Migrating from Monocle
Monocle is a mature, elegant optics library and the reference point for optics on Scala. If it is serving you well, there is no urgency to move. This page is for the cases where you want what cats-eo optimises for — and a map of what changes (and what doesn't) when you do.
Why migrate?
cats-eo and Monocle care about different things. Monocle's design prizes a clean, minimal core: eight classic optics related by an inheritance hierarchy, so the library reads as beautifully as the code you write with it. cats-eo is built for performance and industrial application, and it accepts internal complexity to get there. The library's own source is not the most elegant code you will ever read — existential carriers, fused composition overloads, opaque types, hand-tuned array machines — but every one of those choices buys something at your call site:
- Efficiency. Optic operations compile down to plain function
composition wherever possible. The fused
inlinecomposers mean a deeply composed optic dispatches like hand-written code instead of a chain of allocated closures — on the benchmarks, composed getters and modifies run ~2× faster than the equivalent Monocle composition at depth 6, andeach-style traversals reach ~3× on realistic collection sizes (Monocle wins some single-hop cells; the gap is a composition-depth story).
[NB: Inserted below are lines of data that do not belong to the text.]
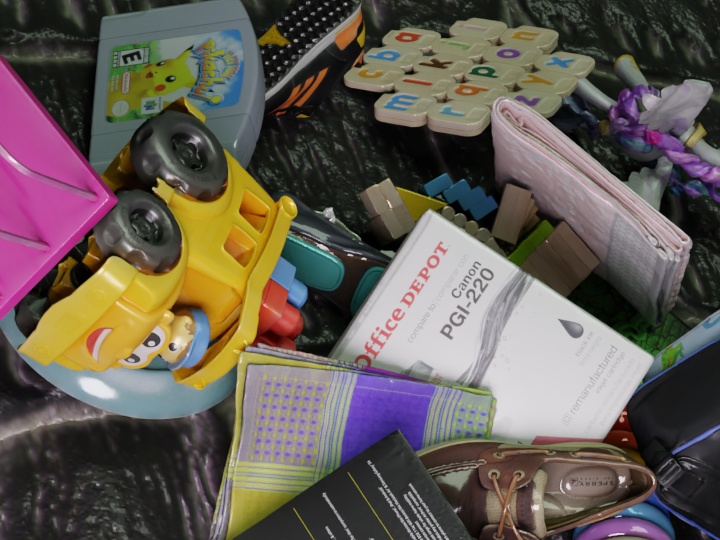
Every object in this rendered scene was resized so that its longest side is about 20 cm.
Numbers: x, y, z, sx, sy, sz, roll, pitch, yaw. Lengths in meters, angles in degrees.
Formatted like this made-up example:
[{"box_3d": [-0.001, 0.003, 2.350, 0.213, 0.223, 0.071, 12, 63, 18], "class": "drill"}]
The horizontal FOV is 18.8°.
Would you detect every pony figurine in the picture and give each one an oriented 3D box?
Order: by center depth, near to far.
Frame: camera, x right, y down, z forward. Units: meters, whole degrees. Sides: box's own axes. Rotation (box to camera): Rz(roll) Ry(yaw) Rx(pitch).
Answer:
[{"box_3d": [0.255, -0.117, 1.906, 0.200, 0.167, 0.193, 38, 29, 32], "class": "pony figurine"}]

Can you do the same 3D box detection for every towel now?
[{"box_3d": [-0.003, 0.136, 1.484, 0.199, 0.023, 0.144, 12, 85, -22], "class": "towel"}, {"box_3d": [0.180, -0.045, 1.745, 0.191, 0.200, 0.032, 41, 80, 15], "class": "towel"}]

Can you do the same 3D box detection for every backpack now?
[{"box_3d": [0.315, 0.116, 1.587, 0.200, 0.183, 0.147, 38, 27, -31], "class": "backpack"}]

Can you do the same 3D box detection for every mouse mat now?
[{"box_3d": [0.206, 0.068, 1.772, 0.161, 0.008, 0.200, 41, 41, 12], "class": "mouse mat"}]

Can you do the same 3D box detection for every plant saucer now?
[{"box_3d": [-0.168, 0.021, 1.564, 0.200, 0.027, 0.200, 18, 41, -17], "class": "plant saucer"}]

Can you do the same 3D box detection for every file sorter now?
[{"box_3d": [-0.289, -0.034, 1.378, 0.139, 0.200, 0.125, 49, 10, 21], "class": "file sorter"}]

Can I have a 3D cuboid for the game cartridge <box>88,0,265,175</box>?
[{"box_3d": [-0.141, -0.140, 1.694, 0.133, 0.041, 0.200, -6, 44, 2], "class": "game cartridge"}]

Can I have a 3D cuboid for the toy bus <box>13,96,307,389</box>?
[{"box_3d": [-0.120, 0.012, 1.498, 0.192, 0.136, 0.200, 39, 38, -16], "class": "toy bus"}]

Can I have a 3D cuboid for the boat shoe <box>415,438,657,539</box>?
[{"box_3d": [0.107, 0.152, 1.477, 0.199, 0.072, 0.072, -2, 91, -18], "class": "boat shoe"}]

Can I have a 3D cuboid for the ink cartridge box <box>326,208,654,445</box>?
[{"box_3d": [0.091, 0.069, 1.578, 0.200, 0.146, 0.085, 33, -5, 4], "class": "ink cartridge box"}]

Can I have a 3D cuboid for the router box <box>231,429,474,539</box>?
[{"box_3d": [0.018, 0.223, 1.388, 0.149, 0.051, 0.200, -33, 64, -4], "class": "router box"}]

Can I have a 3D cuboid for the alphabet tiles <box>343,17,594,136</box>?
[{"box_3d": [0.094, -0.169, 1.878, 0.195, 0.015, 0.200, 11, 34, 23], "class": "alphabet tiles"}]

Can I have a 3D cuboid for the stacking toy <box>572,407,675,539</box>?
[{"box_3d": [0.191, 0.165, 1.605, 0.085, 0.085, 0.200, 20, 37, -13], "class": "stacking toy"}]

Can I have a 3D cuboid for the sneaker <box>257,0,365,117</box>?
[{"box_3d": [-0.066, -0.147, 1.774, 0.070, 0.090, 0.200, 28, 58, 36], "class": "sneaker"}]

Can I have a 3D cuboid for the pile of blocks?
[{"box_3d": [0.091, -0.032, 1.751, 0.200, 0.062, 0.082, 24, 79, -11], "class": "pile of blocks"}]

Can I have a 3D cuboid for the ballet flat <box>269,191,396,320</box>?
[{"box_3d": [0.000, 0.000, 1.663, 0.200, 0.073, 0.073, 30, 39, 1], "class": "ballet flat"}]

When an optic sits on a hot path, this is the difference that pays for the migration. - Stack safety. Deep or degenerate structures are a fact of
industrial data — a 100k-deep JSON spine, a recursive ADT from a
parser. cats-eo's recursive machinery (
Plated, the recursion schemes) runs on heap-backed machines and is safe at depths where simple recursion overflows. - Interoperability. The same Lens / Prism / Traversal vocabulary
you use on case classes extends to wire formats: circe
JsonASTs, Apache Avro records, and raw jsoniter byte buffers — read and edit encoded data without a decode/re-encode round trip. The Monocle ecosystem prefers to leave format-specific tooling to the formats themselves; cats-eo treats it as part of the optics story. - Compositional reach. Every family composes with every other
family through one
.andThen, and the result is compiler-pinned: an 11-family composition matrix asserts every pair either composes (without type ascriptions or imports) or fails to compile by design. The family space itself is larger: standalone read-only, build-only, and write-only citizens (AffineFold, Review, Unfold, Modify), multi-focus shapes (Grate, Kaleidoscope, algebraic lenses), and recursion schemes (cata/ana/hylo) that are optics and drop into the same pipelines.
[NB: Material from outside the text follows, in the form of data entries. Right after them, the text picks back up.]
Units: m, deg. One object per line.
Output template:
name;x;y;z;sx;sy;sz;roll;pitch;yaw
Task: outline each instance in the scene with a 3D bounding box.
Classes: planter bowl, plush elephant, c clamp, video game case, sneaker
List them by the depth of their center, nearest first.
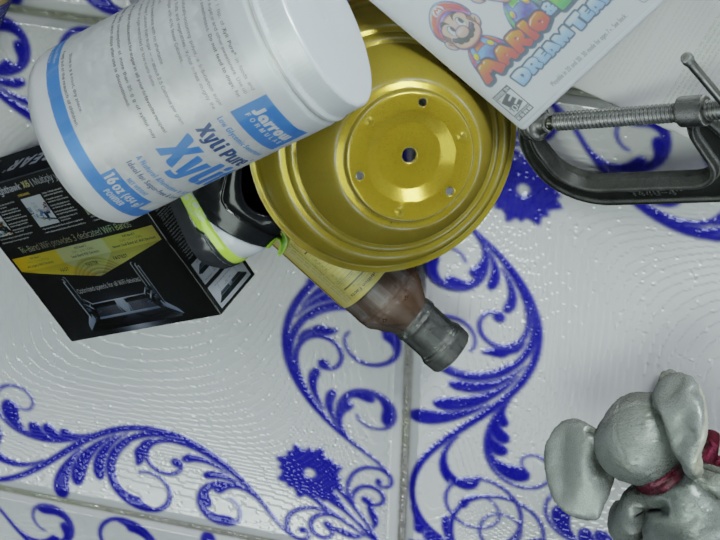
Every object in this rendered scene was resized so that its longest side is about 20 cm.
video game case;0.099;-0.206;1.251;0.182;0.024;0.200;39;134;-9
c clamp;0.187;-0.095;1.338;0.199;0.027;0.171;-5;148;42
planter bowl;0.026;-0.087;1.347;0.199;0.083;0.202;-3;104;-13
sneaker;-0.110;-0.098;1.402;0.082;0.072;0.201;-24;101;21
plush elephant;0.235;0.148;1.466;0.164;0.200;0.156;-17;99;35

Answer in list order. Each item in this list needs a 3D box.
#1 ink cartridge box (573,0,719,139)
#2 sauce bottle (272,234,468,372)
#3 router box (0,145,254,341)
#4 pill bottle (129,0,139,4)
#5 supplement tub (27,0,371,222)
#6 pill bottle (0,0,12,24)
ink cartridge box;0.247;-0.155;1.312;0.199;0.048;0.146;24;128;-7
sauce bottle;0.000;0.000;1.490;0.200;0.065;0.065;43;126;-15
router box;-0.199;-0.029;1.505;0.199;0.052;0.158;-10;122;45
pill bottle;-0.114;-0.273;1.305;0.112;0.113;0.201;16;127;7
supplement tub;-0.108;-0.126;1.283;0.199;0.132;0.132;-24;114;21
pill bottle;-0.333;-0.179;1.442;0.112;0.112;0.200;32;128;-6

The trade is real in both directions: Monocle gives you a smaller, smoother surface; cats-eo gives you throughput, depth, and reach.
What stays the same
Your day-to-day vocabulary ports almost verbatim — get, replace,
modify, foldMap, getOption, reverseGet, and .andThen
composition all read the same. GenLens[S](_.field) becomes
lens[S](_.field) (from dev.constructive.eo.generics), and
Monocle's polymorphic PLens / PPrism / PIso shapes map onto
eo's pLens / polymorphic constructors one-for-one.
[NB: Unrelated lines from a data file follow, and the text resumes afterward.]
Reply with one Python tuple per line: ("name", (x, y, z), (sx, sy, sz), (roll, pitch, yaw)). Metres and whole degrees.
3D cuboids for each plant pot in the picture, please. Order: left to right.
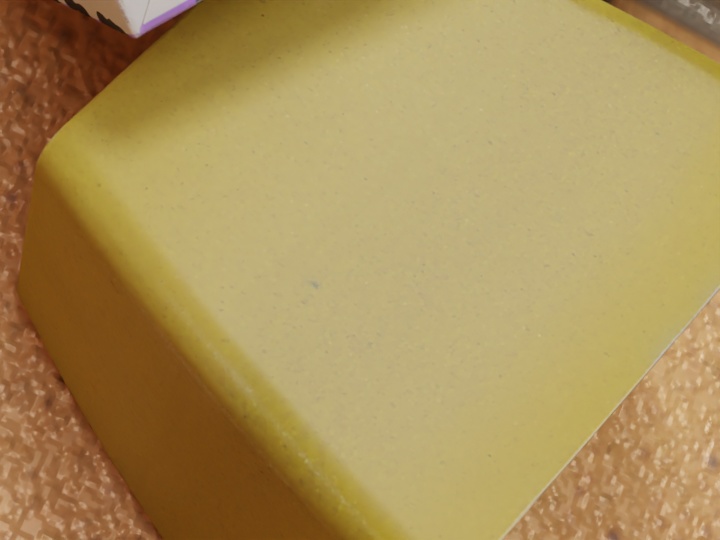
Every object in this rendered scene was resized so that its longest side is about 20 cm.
("plant pot", (0.000, 0.000, 0.694), (0.176, 0.200, 0.200), (43, 68, 5))

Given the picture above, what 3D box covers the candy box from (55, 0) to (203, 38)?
("candy box", (-0.042, -0.154, 0.681), (0.168, 0.200, 0.072), (-31, 112, -12))

Law testing ports directly too. Monocle ships
monocle-law with discipline rule-sets; cats-eo-laws follows the
exact same checkAll pattern, so your test setup is an import swap:
libraryDependencies += "dev.constructive" %% "cats-eo-laws" % "0.1" % Test
// before: import monocle.law.discipline.LensTests
import dev.constructive.eo.laws.discipline.LensTests
checkAll("Lens[Person, Int]", LensTests[Person, Int](ageL).lens)
Every public optic family has a matching FooLaws / FooTests
pair, including the families Monocle prefers not to ship (AffineFold,
Review, Unfold, Modify, MultiFocus).
Where eo differs at the call site
Bring your own optic
Both libraries give you one .andThen across families, so that is
not the difference. Monocle composes through its inheritance
hierarchy: every optic is a weaker optic, so composition meets at
the common ancestor — an elegant design, and it works because the
hierarchy is closed and known up front. cats-eo chose not to have an
extension hierarchy at all, and that is what changes in practice:
composition is driven by typeclass instances over the carrier
(AssociativeFunctor[F, X, Y] for a shared carrier, a summoned
Morph[F, G] / Composer[F, G] across carriers), not by where a
family sits in a subtype tree.
The payoff is for optics that come from outside the shipped
families. A custom optic needs no blessed place in any hierarchy:
implement the Optic trait, put the carrier instances in scope, and
it composes with everything reachable through the bridges — bring
your own optic. Extensibility walks through
shipping a domain-tuned optic end to end. The same machinery is what
makes the stock families compose:
import dev.constructive.eo.data.Affine
import dev.constructive.eo.optics.Lens
import dev.constructive.eo.optics.Optional
case class MigConfig(timeout: Option[Int])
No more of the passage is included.